● WORK REQUIRED:
Transcribe the data verbatim and drop its images.

● THE DATA:
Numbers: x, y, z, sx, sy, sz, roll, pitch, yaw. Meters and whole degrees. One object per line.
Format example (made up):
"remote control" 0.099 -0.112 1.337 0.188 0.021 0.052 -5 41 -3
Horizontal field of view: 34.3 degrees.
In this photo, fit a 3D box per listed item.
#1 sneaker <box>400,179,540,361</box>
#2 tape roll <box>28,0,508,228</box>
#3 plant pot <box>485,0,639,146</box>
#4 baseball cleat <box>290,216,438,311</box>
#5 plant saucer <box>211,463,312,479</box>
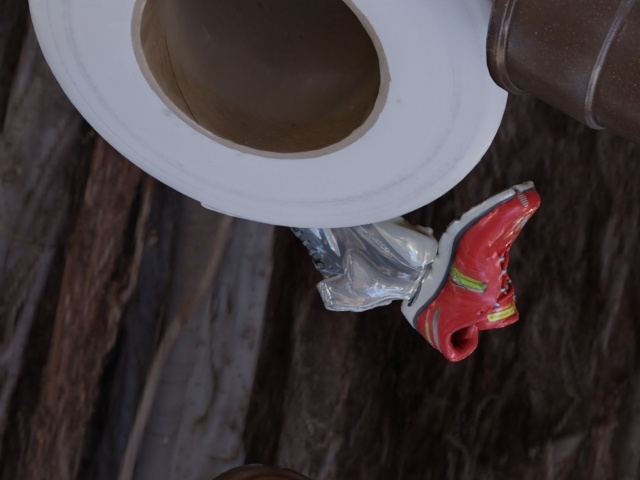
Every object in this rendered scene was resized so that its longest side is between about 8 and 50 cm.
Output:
"sneaker" 0.198 0.041 1.213 0.107 0.279 0.118 -21 -119 -33
"tape roll" -0.010 -0.147 0.559 0.246 0.169 0.246 10 139 9
"plant pot" 0.174 -0.077 0.366 0.165 0.167 0.167 42 -165 21
"baseball cleat" 0.000 0.000 0.936 0.205 0.110 0.072 22 178 25
"plant saucer" -0.051 0.328 1.137 0.198 0.036 0.199 12 -133 -13

● SOLUTION BELOW:
Numbers: x, y, z, sx, sy, sz, roll, pitch, yaw. Meters and whole degrees. One object per line.
Format example (made up):
"remote control" 0.099 -0.112 1.337 0.188 0.021 0.052 -5 41 -3
Horizontal field of view: 34.3 degrees.
In this photo, fit a 3D box per listed item.
#1 sneaker <box>400,179,540,361</box>
#2 tape roll <box>28,0,508,228</box>
#3 plant pot <box>485,0,639,146</box>
#4 baseball cleat <box>290,216,438,311</box>
#5 plant saucer <box>211,463,312,479</box>
Every object in this rendered scene was resized so that its longest side is between about 8 and 50 cm.
Output:
"sneaker" 0.198 0.041 1.213 0.107 0.279 0.118 -21 -119 -33
"tape roll" -0.010 -0.147 0.559 0.246 0.169 0.246 10 139 9
"plant pot" 0.174 -0.077 0.366 0.165 0.167 0.167 42 -165 21
"baseball cleat" 0.000 0.000 0.936 0.205 0.110 0.072 22 178 25
"plant saucer" -0.051 0.328 1.137 0.198 0.036 0.199 12 -133 -13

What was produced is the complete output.